Does Russia Want Lasting Peace Between Armenia and Azerbaijan?
Author: Ambassador (Ret.) Richard E. Hoagland
May 11, 2023
The short answer to the question posed in the title of this article is this: probably not.
A senior delegation from the Caspian Policy Center visiting Azerbaijan April 23-30 met with leading public- and private-sector officials, including government ministers and advisers, think-tank directors, and top academics. It’s not surprising that a significant part of our discussions focused on the current process between Armenia and Azerbaijan to seek a true and lasting peace after the 44-day Second Karabakh War of September-November 2020. Although Russia brokered the deal to halt that war, it’s actually been the United States and the European Union that have worked, quietly but persistently, to achieve a lasting peace.
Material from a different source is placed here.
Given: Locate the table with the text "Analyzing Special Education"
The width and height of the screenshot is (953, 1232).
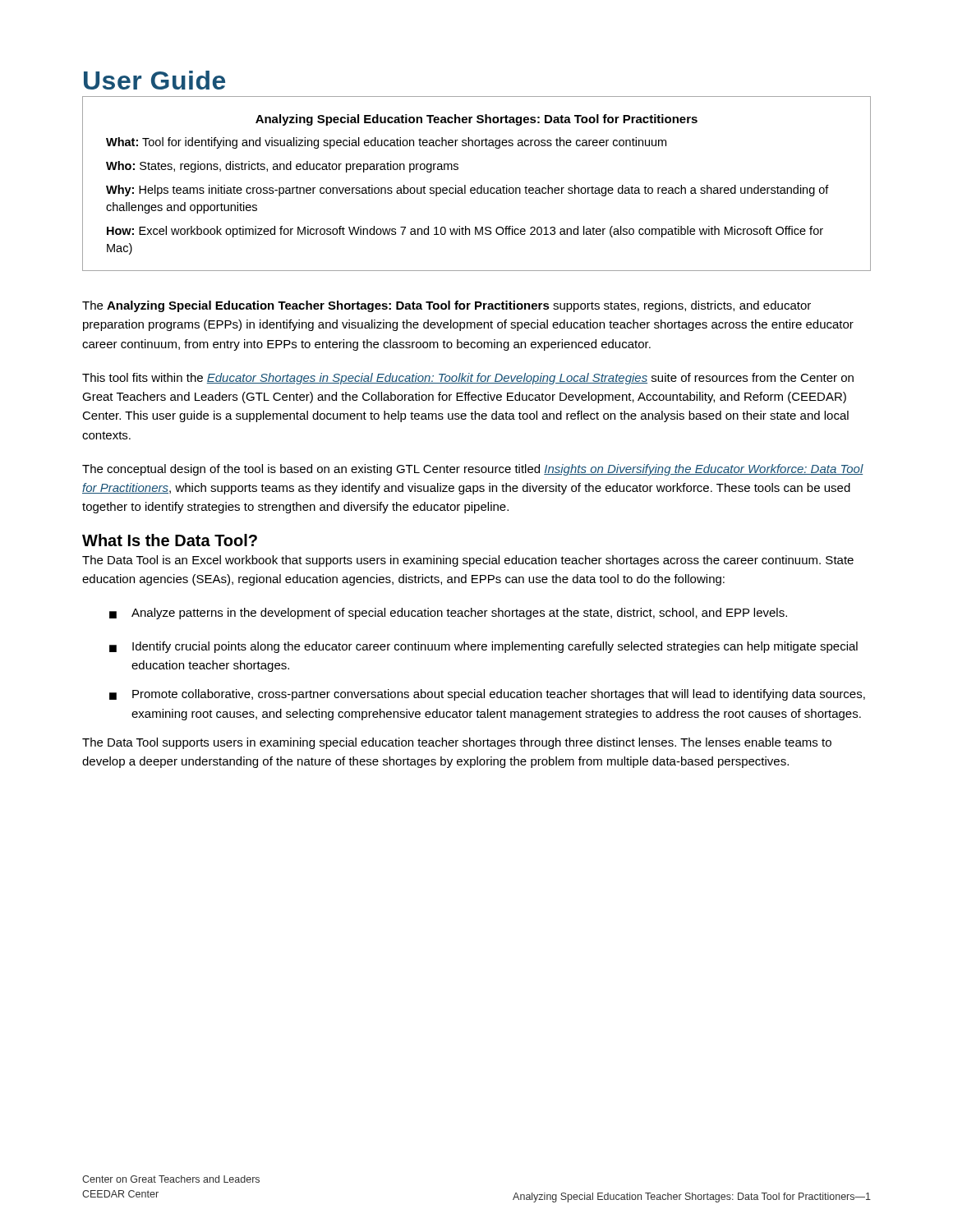Looking at the screenshot, I should (x=476, y=184).

All of our interlocutors in Azerbaijan assured us that their government at the highest levels is grateful for that assistance and is truly committed to a final and lasting peace agreement.
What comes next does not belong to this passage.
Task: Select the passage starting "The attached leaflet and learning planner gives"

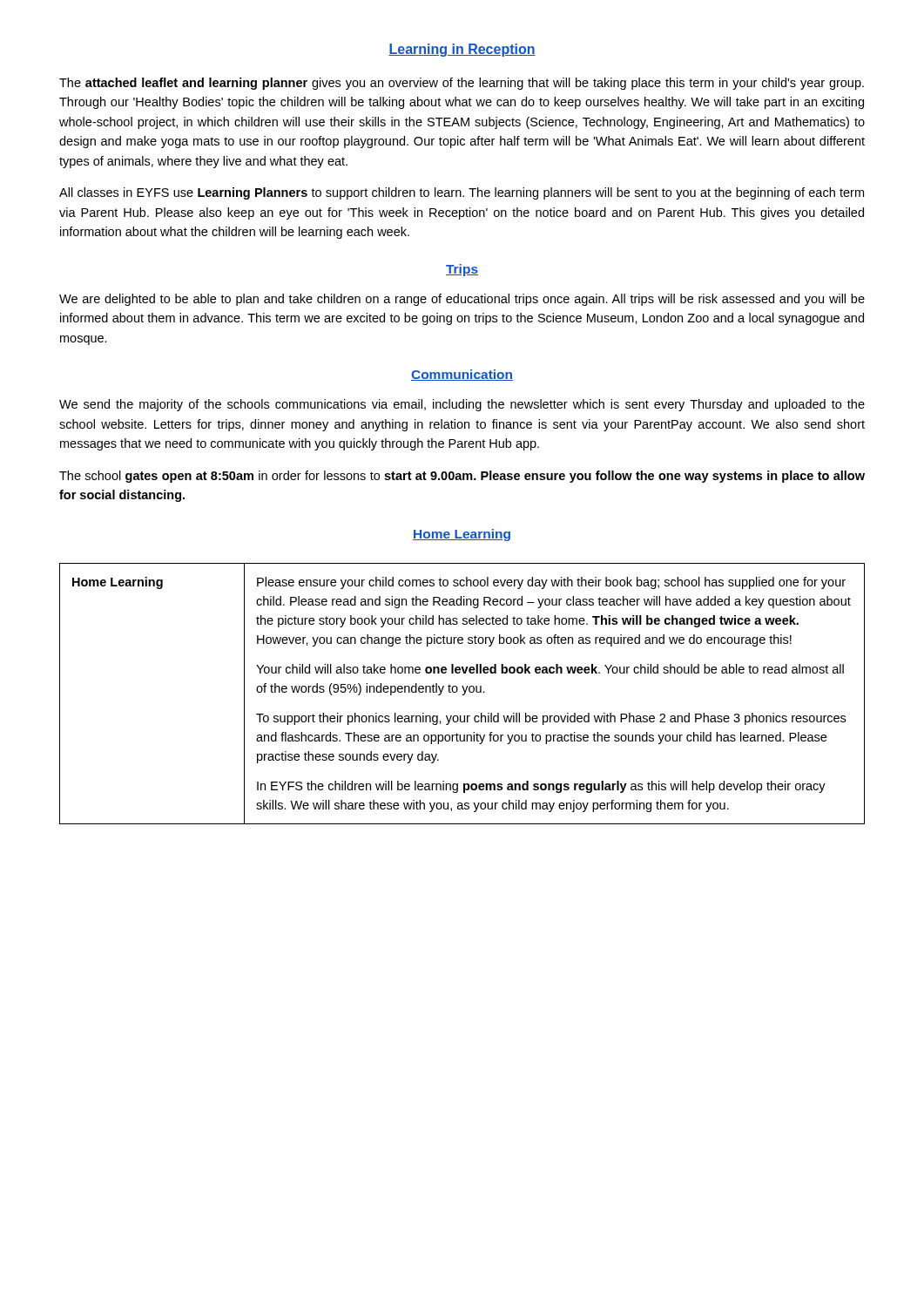Action: pos(462,122)

We heard no outright criticism of Moscow, but we did hear multiple examples suggesting that the Kremlin is likely not as committed to helping Baku and Yerevan achieve a lasting peace as are Brussels and Washington. The primary example we heard was the appearance of Ruben Vardanyan as the “State Minister of Artsakh” two years after Russia brokered the deal that called a halt to the Second Karabakh War. “Artsakh” is the name ethnic Armenians have given to the Karabakh district of Azerbaijan that Armenia illegally occupied and had hoped eventually to annex – or to declare an independent republic.
Vardanyan, variously described as an Armenian billionaire businessman and a Russian oligarch, is known as “the father of the Russian stock market,” according Forbes, and was a co-founder of the Russian investment company, Troika Dialog, in the early 1990s. But even top levels of the government in Yerevan reportedly were uneasy about Vardanyan’s appearance in Karabakh, because in modern history leaders of Karabakh have tended to become prime ministers of Armenia, sometimes by ousting the incumbent. Whatever maneuvering and deal-cutting it took behind the scenes, Vardanyan was eased out in February 2023, opening the door for true negotiations between Yerevan and Baku.
We heard other examples, too, of Russia trying to call the shots in Karabakh, e.g., insisting that Russian should be the official language of Karabakh and that the Russian Orthodox Church should be its official “state religion,” essentially making Karabakh an exclave of Russia. Baku firmly said nyet and swatted both of those away. But what it couldn’t stop was the appearance of Russia’s so-called “peace keepers” following the 44-day war. This was the very first time Russian troops had been posted on Azerbaijan’s sovereign territory since its independence, and something that continues to rankle Baku. One minister with whom we had a two-hour conversation told us that it is essential for Yerevan and Baku to achieve a true and lasting peace, because “Moscow wants those peace keepers here for another 30 years!”
Why would the Russian government not want a lasting peace between Armenia and Azerbaijan, especially when its back is against the wall with Putin’s criminal war in Ukraine? It’s worth recalling what are called the prolonged conflicts that have persisted in the former Soviet space since the fall of the Soviet Union: Abkhazia and South Ossetia in Georgia, Transnistria in Moldova, Luhansk and Donbas in Ukraine, and Nagorno-Karabakh in Azerbaijan. Each in its own way is a break-away territory from the nation it found itself in at the fall of the Soviet Union. And for the last three decades, the Kremlin has done nothing to solve these festering problems, because the prolongation of these conflicts keeps those countries in Moscow’s sphere of influence. A true and lasting peace in each case would allow the countries involved to more freely choose their own international partners, rather than bow, first and foremost, to Russia. Moscow has feared that those new partners would inevitably be in the West.
During our delegation’s consultations before we left for Azerbaijan, the State Department specifically asked us to pass a message that, should Baku and Yerevan actually achieve a lasting peace, the U.S. presence and programs would increase significantly in the region – something that the Kremlin most decidedly does not want.
It’s important to note that Armenia and Azerbaijan are not committed to pursuing a true and lasting peace simply to please Washington or Brussels. Absolutely not! They are doing so because both Azerbaijan’s President Ilham Aliyev and Armenia’s Prime Minister Nikol Pashinyan apparently truly understand that the time has come for real peace and, so far, have brought most of their people along with them – despite the resistance of the radical Armenian dashnaks and their fellow travelers in the international Armenian diaspora. Further, these two national leaders understand that a true and lasting peace will lead eventually to prosperity in their own countries and throughout the South Caucasus region. And that would ultimately be a plus for all involved.
Finally, it’s worth noting that if just one post-Soviet prolonged conflict – Karabakh – can be truly resolved, then there is a glimmer of hope that the others could be, too. A senior presidential adviser in Baku said to us, “We ask the United States to use its special powers to help build this new, international, post-war reality.”